Authors: Gonen, N  Assaraf, YG 
Citation: Gonen N and Assaraf YG, Drug Resist Updat. 2012 Aug;15(4):183-210. doi: 10.1016/j.drup.2012.07.002. Epub 2012 Aug 23.
RGD ID: 7242703
Pubmed: PMID:22921318   (View Abstract at PubMed)
DOI: DOI:10.1016/j.drup.2012.07.002   (Journal Full-text)

In the past 65 years, antifolates targeting folate metabolism played a pivotal role in drug treatment of malignant, microbial, parasitic and chronic inflammatory diseases. Drug discovery of novel antifolates with improved properties and superior activities remains an attractive strategy both in academia and in the pharmaceutical industry. Among novel antifolates are pemetrexed which primarily targets thymidylate synthase as well as pralatrexate which blocks dihydrofolate reductase, and displays enhanced transport and cellular retention properties. The present review describes the evolution and pharmacological activity of antifolates and prospects for the development of the next generation antifolates. Pre-clinical and clinical studies identified a plethora of mechanisms of antifolate resistance that are a primary hindrance to curative cancer chemotherapy; these are frequently associated with qualitative and/or quantitative alterations in influx and/or efflux transporters of antifolates and in folate-dependent enzymes.

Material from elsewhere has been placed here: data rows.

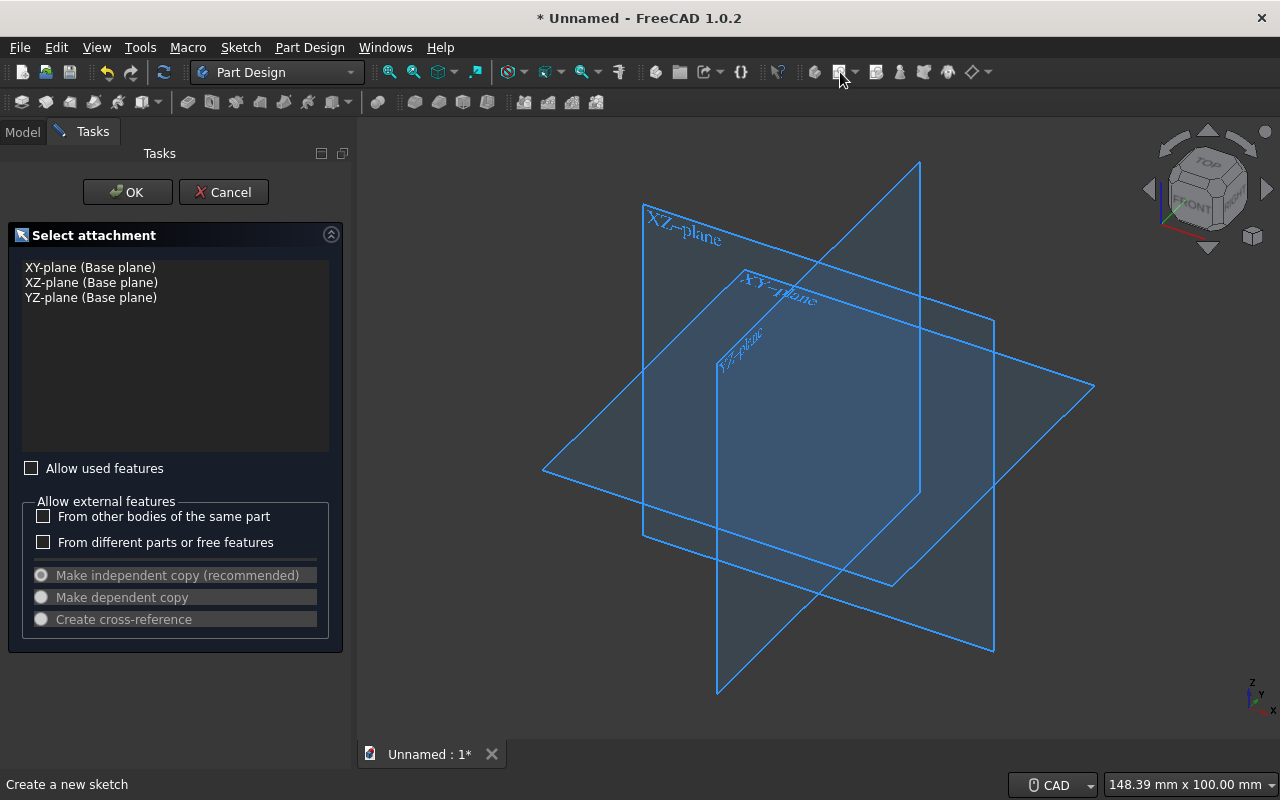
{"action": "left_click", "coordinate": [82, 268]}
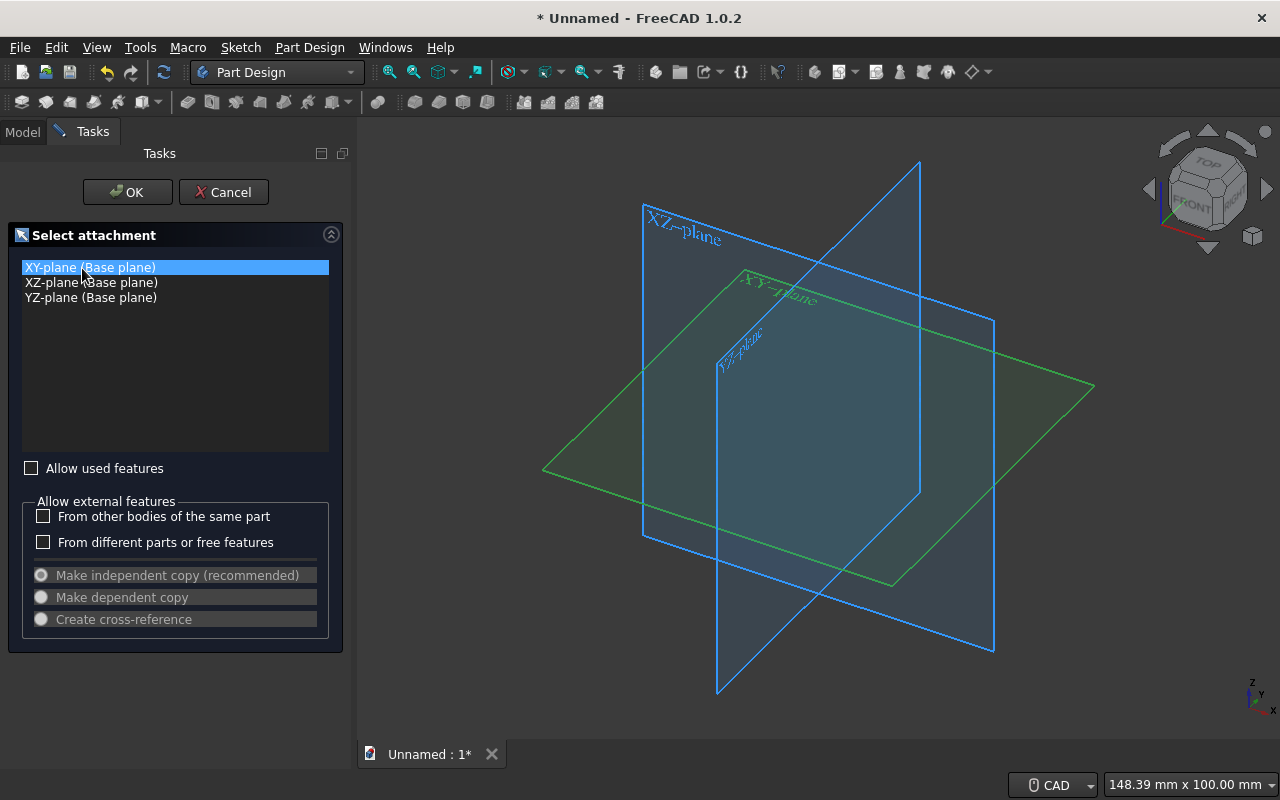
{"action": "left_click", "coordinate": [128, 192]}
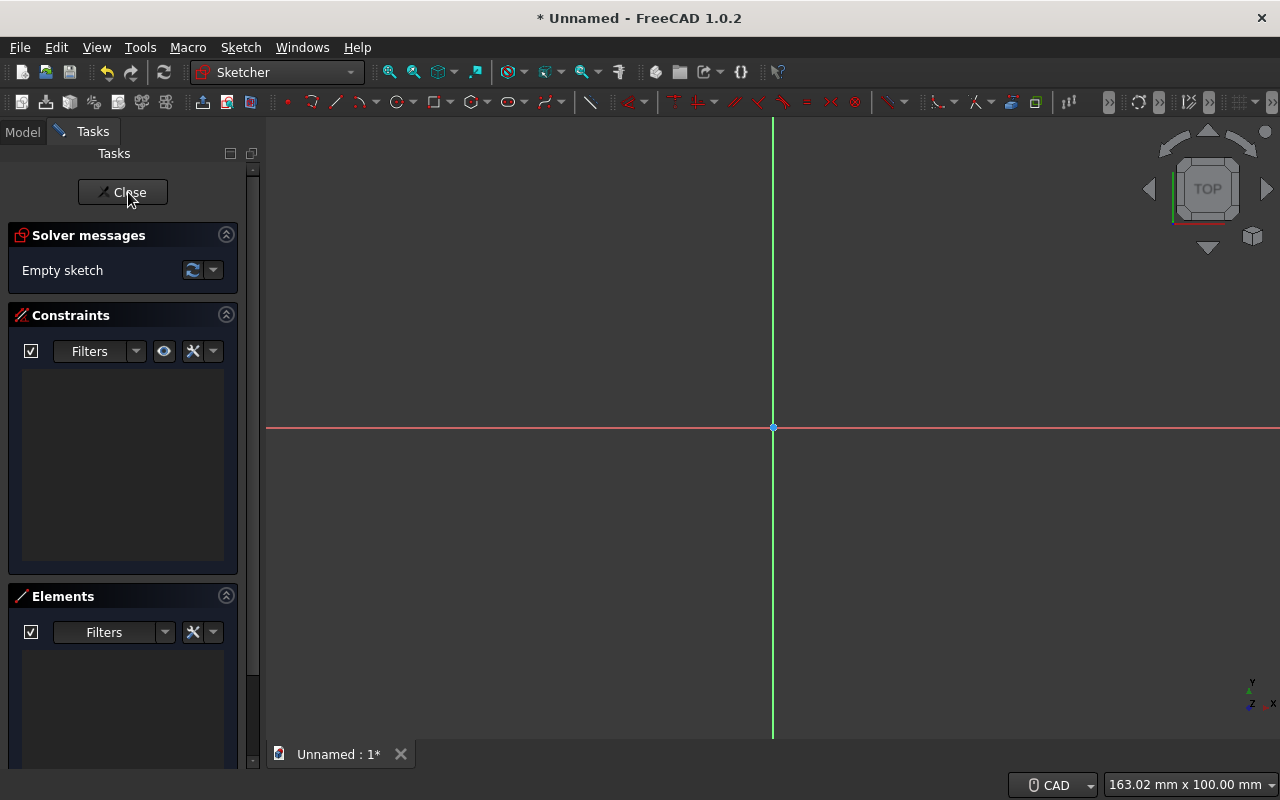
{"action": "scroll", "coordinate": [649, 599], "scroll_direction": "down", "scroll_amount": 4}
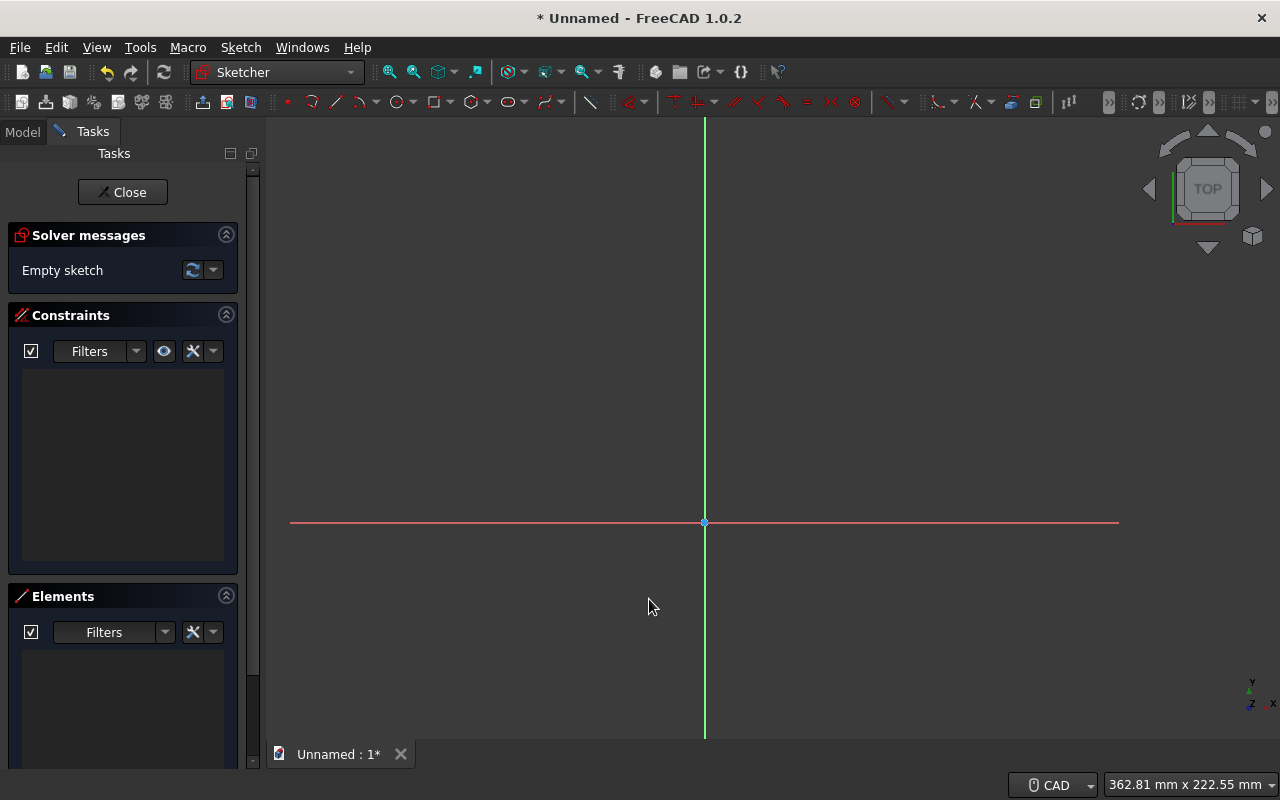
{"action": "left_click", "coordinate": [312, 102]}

Current advances including for example the deciphering of the dominant folate transporter proton-coupled folate transporter (PCFT/SLC46A1) facilitated the synthesis of experimental antifolates aimed at selectively targeting solid tumor cells, which reside in an acidic microenvironment where PCFT supposedly functions optimally. Moreover, drugs that are structurally and mechanistically distinct from folates were conjugated to folic acid (e.g. Vintafolide/EC145, a folic acid desacetylvinblastine conjugate) to facilitate endocytosis via the folate receptor (FR) which is markedly overexpressed in various solid tumors. In an alternative approach, novel antifolates selectively targeting the FR but not other folate transporters are being developed (e.g. BGC 945). Hence, targeting mechanisms of antifolate-resistance could facilitate the development of rationally-based novel antifolates and strategies that overcome chemoresistance.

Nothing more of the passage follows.